*DATASET CONTENT*.
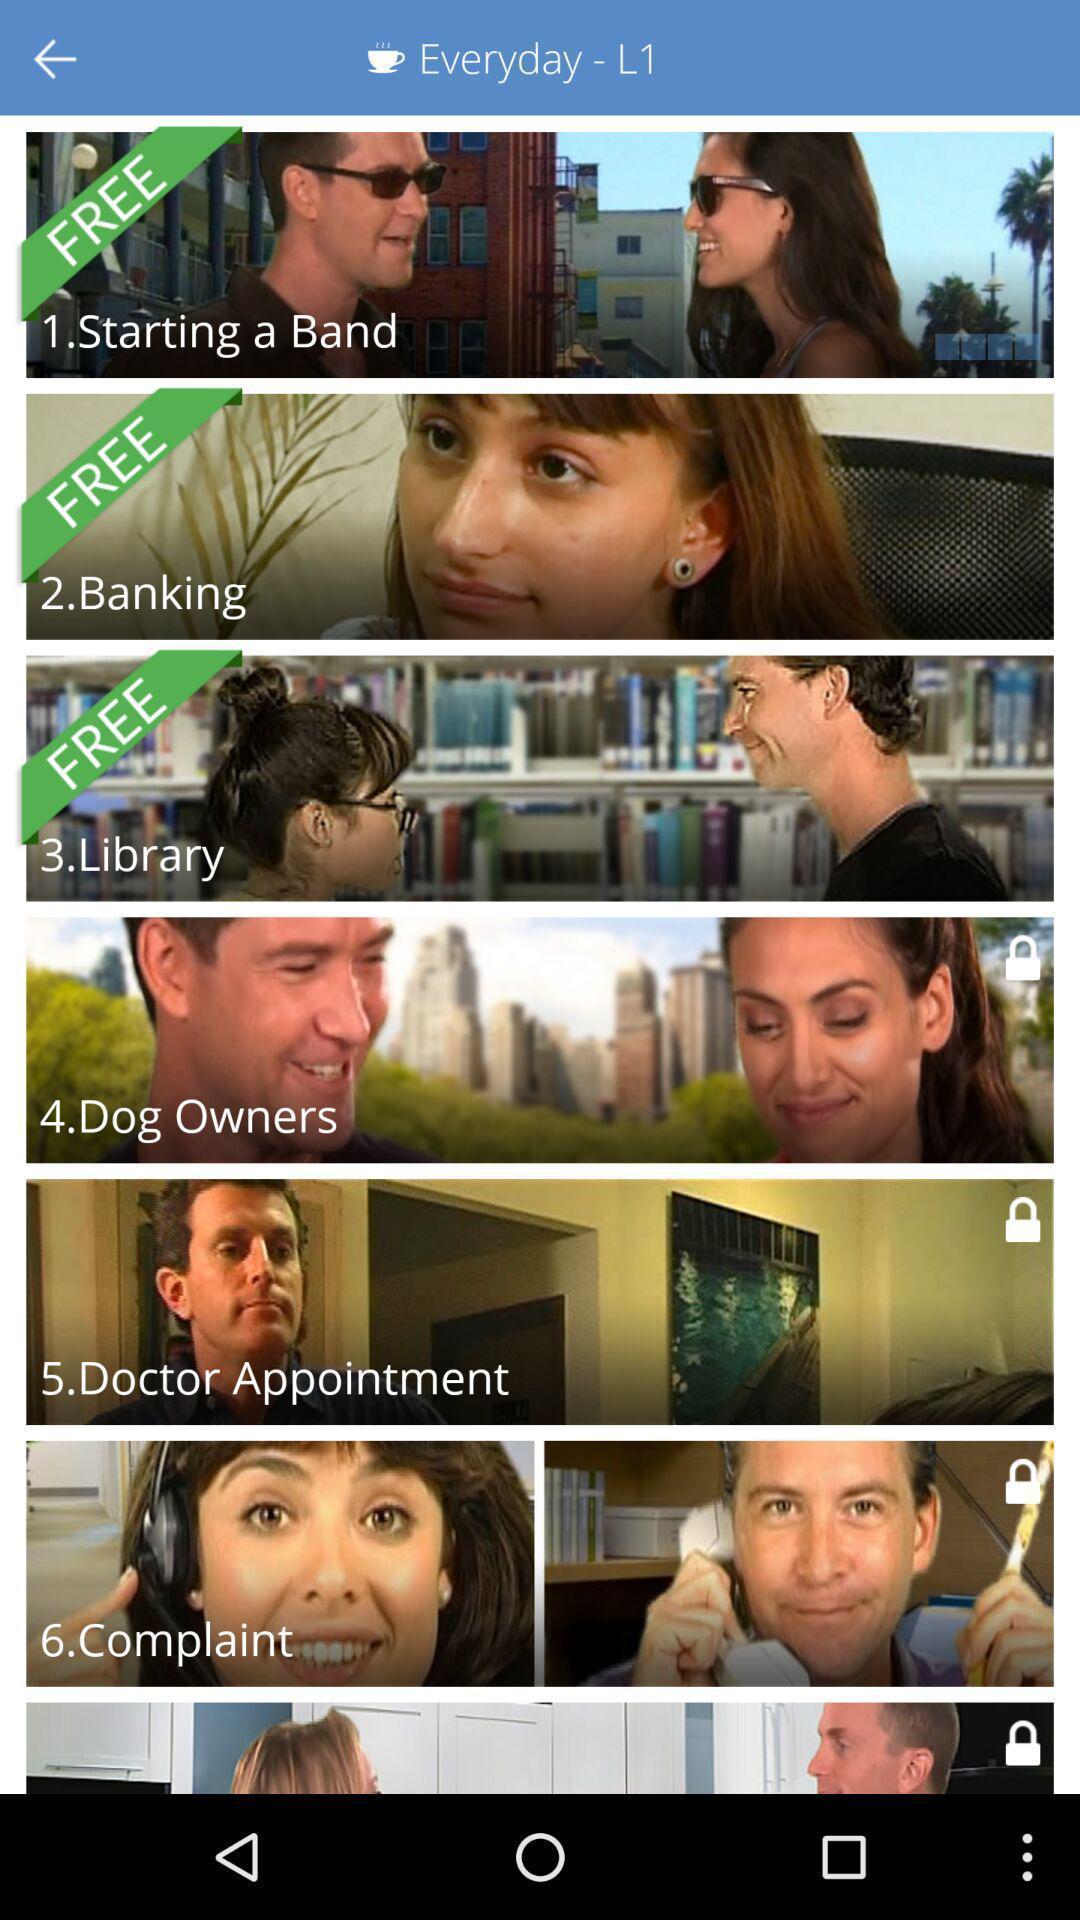Describe the key features of this screenshot. Screen displaying multiple topics in a language learning application. 
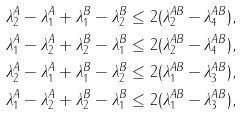<formula> <loc_0><loc_0><loc_500><loc_500>\lambda ^ { A } _ { 2 } - \lambda ^ { A } _ { 1 } + \lambda ^ { B } _ { 1 } - \lambda ^ { B } _ { 2 } & \leq 2 ( \lambda ^ { A B } _ { 2 } - \lambda ^ { A B } _ { 4 } ) , \\ \lambda ^ { A } _ { 1 } - \lambda ^ { A } _ { 2 } + \lambda ^ { B } _ { 2 } - \lambda ^ { B } _ { 1 } & \leq 2 ( \lambda ^ { A B } _ { 2 } - \lambda ^ { A B } _ { 4 } ) , \\ \lambda ^ { A } _ { 2 } - \lambda ^ { A } _ { 1 } + \lambda ^ { B } _ { 1 } - \lambda ^ { B } _ { 2 } & \leq 2 ( \lambda ^ { A B } _ { 1 } - \lambda ^ { A B } _ { 3 } ) , \\ \lambda ^ { A } _ { 1 } - \lambda ^ { A } _ { 2 } + \lambda ^ { B } _ { 2 } - \lambda ^ { B } _ { 1 } & \leq 2 ( \lambda ^ { A B } _ { 1 } - \lambda ^ { A B } _ { 3 } ) ,</formula> 
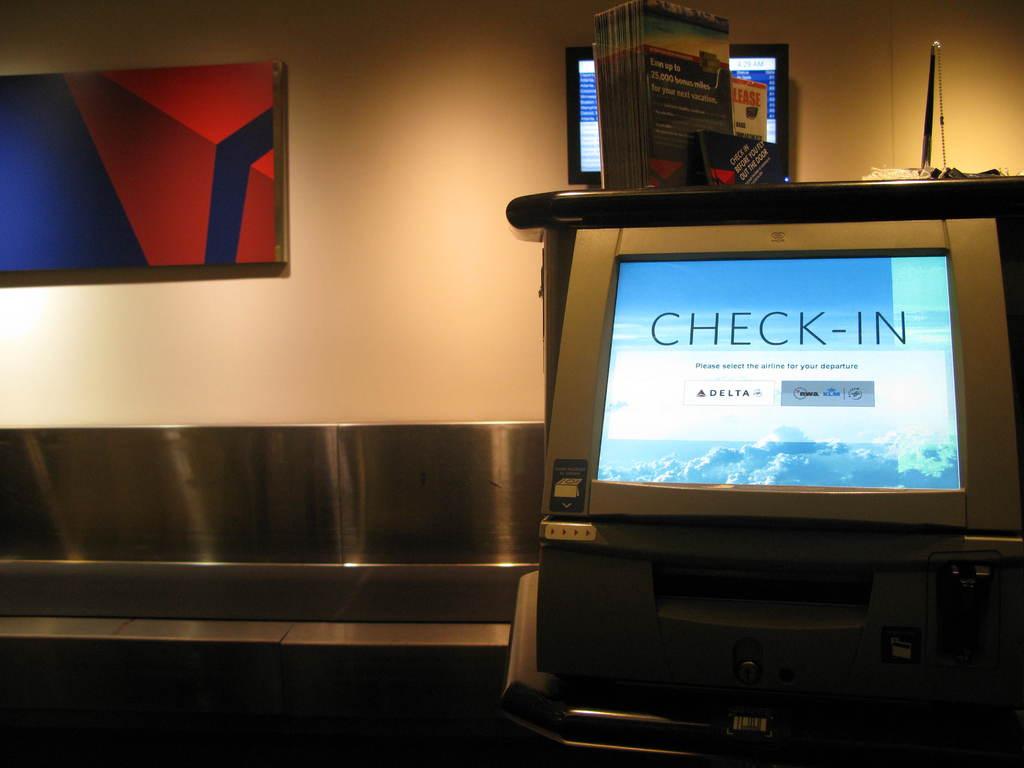What are you checking in for?
Your answer should be very brief. Delta. What is the airline?
Give a very brief answer. Delta. 
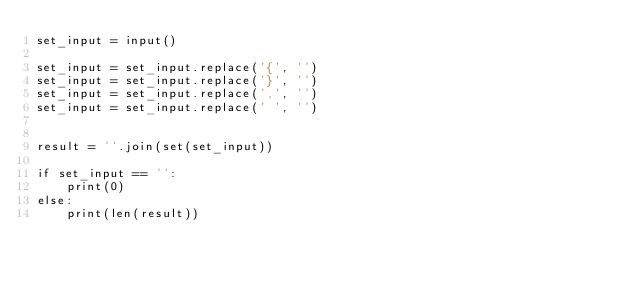<code> <loc_0><loc_0><loc_500><loc_500><_Python_>set_input = input()

set_input = set_input.replace('{', '')
set_input = set_input.replace('}', '')
set_input = set_input.replace(',', '')
set_input = set_input.replace(' ', '')


result = ''.join(set(set_input))

if set_input == '':
    print(0)
else:
    print(len(result))
</code> 
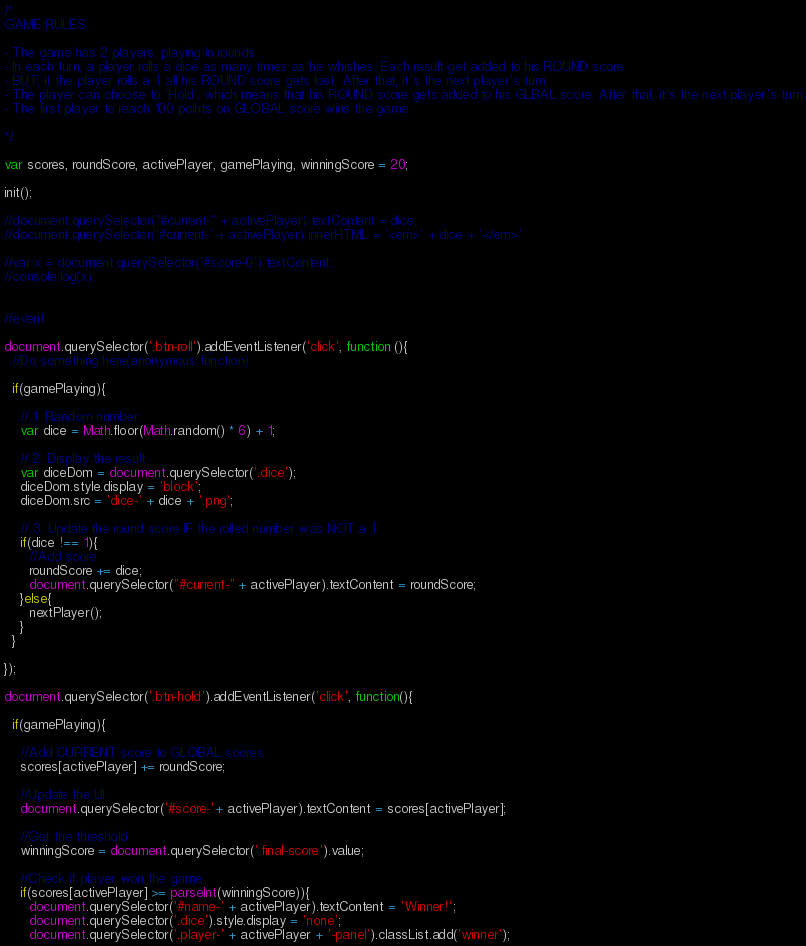<code> <loc_0><loc_0><loc_500><loc_500><_JavaScript_>/*
GAME RULES:

- The game has 2 players, playing in rounds
- In each turn, a player rolls a dice as many times as he whishes. Each result get added to his ROUND score
- BUT, if the player rolls a 1, all his ROUND score gets lost. After that, it's the next player's turn
- The player can choose to 'Hold', which means that his ROUND score gets added to his GLBAL score. After that, it's the next player's turn
- The first player to reach 100 points on GLOBAL score wins the game

*/

var scores, roundScore, activePlayer, gamePlaying, winningScore = 20;

init();

//document.querySelector("#current-" + activePlayer).textContent = dice;
//document.querySelector('#current-' + activePlayer).innerHTML = '<em>' + dice + '</em>'

//var x = document.querySelector('#score-0').textContent;
//console.log(x);


//event

document.querySelector('.btn-roll').addEventListener('click', function (){
  //Do something here(anonymous function)

  if(gamePlaying){

    // 1. Random number;
    var dice = Math.floor(Math.random() * 6) + 1;

    // 2. Display the result
    var diceDom = document.querySelector('.dice');
    diceDom.style.display = 'block';
    diceDom.src = 'dice-' + dice + '.png';

    // 3. Update the round score IF the rolled number was NOT a 1
    if(dice !== 1){
      //Add score
      roundScore += dice;
      document.querySelector("#current-" + activePlayer).textContent = roundScore;
    }else{
      nextPlayer();
    }
  }

});

document.querySelector('.btn-hold').addEventListener('click', function(){

  if(gamePlaying){

    //Add CURRENT score to GLOBAL scores
    scores[activePlayer] += roundScore;

    //Update the UI
    document.querySelector('#score-'+ activePlayer).textContent = scores[activePlayer];

    //Get the threshold
    winningScore = document.querySelector('.final-score').value;

    //Check if player won the game
    if(scores[activePlayer] >= parseInt(winningScore)){
      document.querySelector('#name-' + activePlayer).textContent = 'Winner!';
      document.querySelector('.dice').style.display = 'none';
      document.querySelector('.player-' + activePlayer + '-panel').classList.add('winner');</code> 
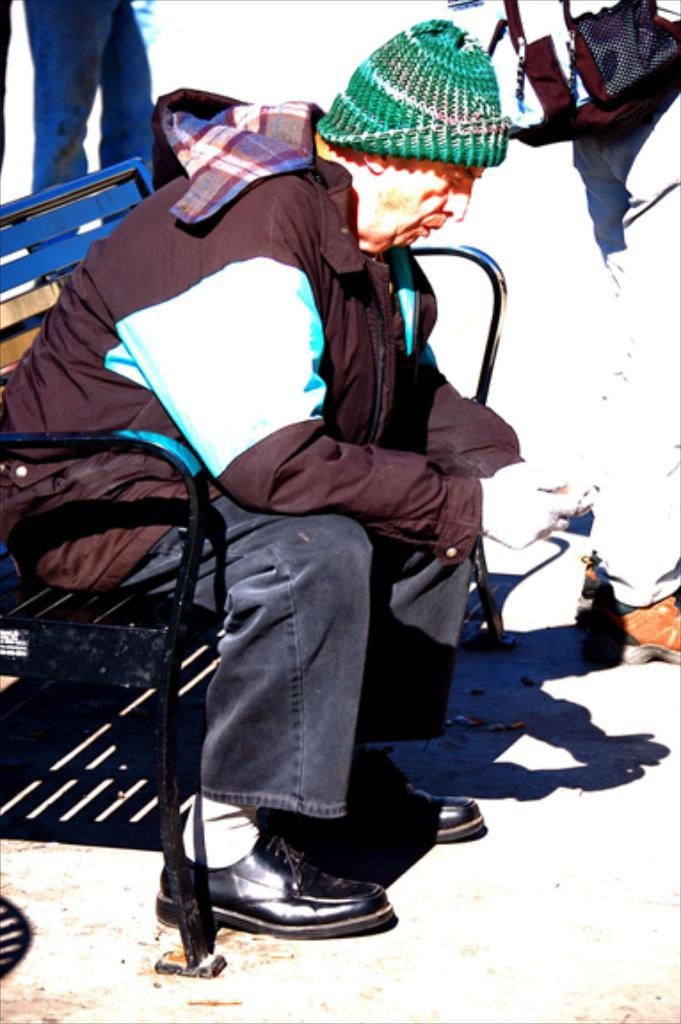What is the main subject of the image? The main subject of the image is an old person sitting on a bench. What can be seen on the old person's head? The old person is wearing a cap. What is located at the bottom of the image? There is a platform at the bottom of the image. Whose legs are visible in the image? Human legs are visible in the image. What object can be seen in the image besides the old person? There is a bag in the image. What type of tree is growing in the middle of the office in the image? There is no tree or office present in the image; it features an old person sitting on a bench with a bag and a platform. How many legs does the old person have in the image? The old person has two legs in the image, as is typical for humans. 
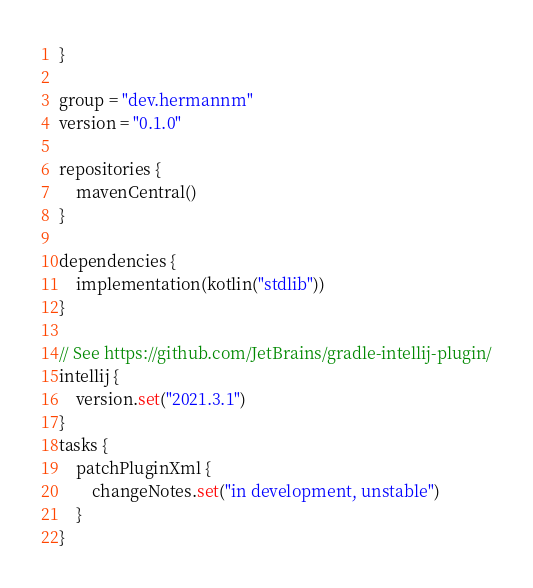<code> <loc_0><loc_0><loc_500><loc_500><_Kotlin_>}

group = "dev.hermannm"
version = "0.1.0"

repositories {
    mavenCentral()
}

dependencies {
    implementation(kotlin("stdlib"))
}

// See https://github.com/JetBrains/gradle-intellij-plugin/
intellij {
    version.set("2021.3.1")
}
tasks {
    patchPluginXml {
        changeNotes.set("in development, unstable")
    }
}
</code> 
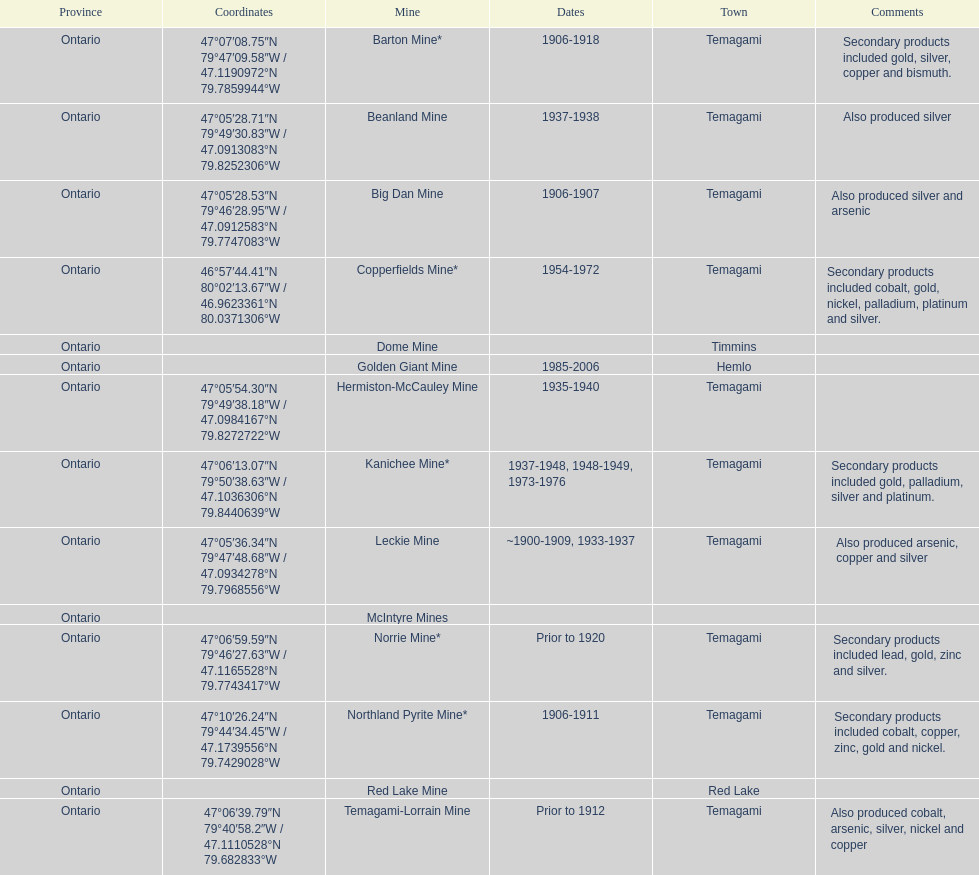Where can bismuth be found in a mine? Barton Mine. 
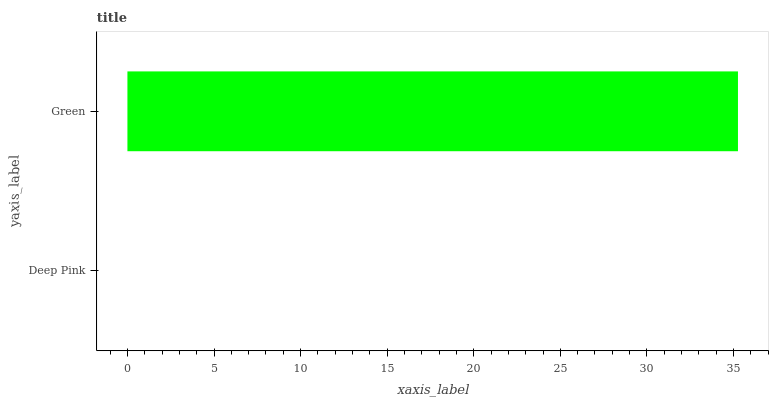Is Deep Pink the minimum?
Answer yes or no. Yes. Is Green the maximum?
Answer yes or no. Yes. Is Green the minimum?
Answer yes or no. No. Is Green greater than Deep Pink?
Answer yes or no. Yes. Is Deep Pink less than Green?
Answer yes or no. Yes. Is Deep Pink greater than Green?
Answer yes or no. No. Is Green less than Deep Pink?
Answer yes or no. No. Is Green the high median?
Answer yes or no. Yes. Is Deep Pink the low median?
Answer yes or no. Yes. Is Deep Pink the high median?
Answer yes or no. No. Is Green the low median?
Answer yes or no. No. 
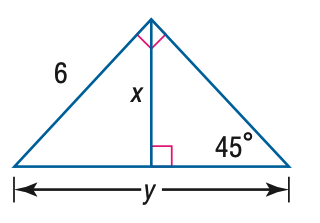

*HOW TO COMPLETE THIS TASK*. All that is wanted is the number of lines in the records that include the string "median".

*RESULT OF THE TASK*. 4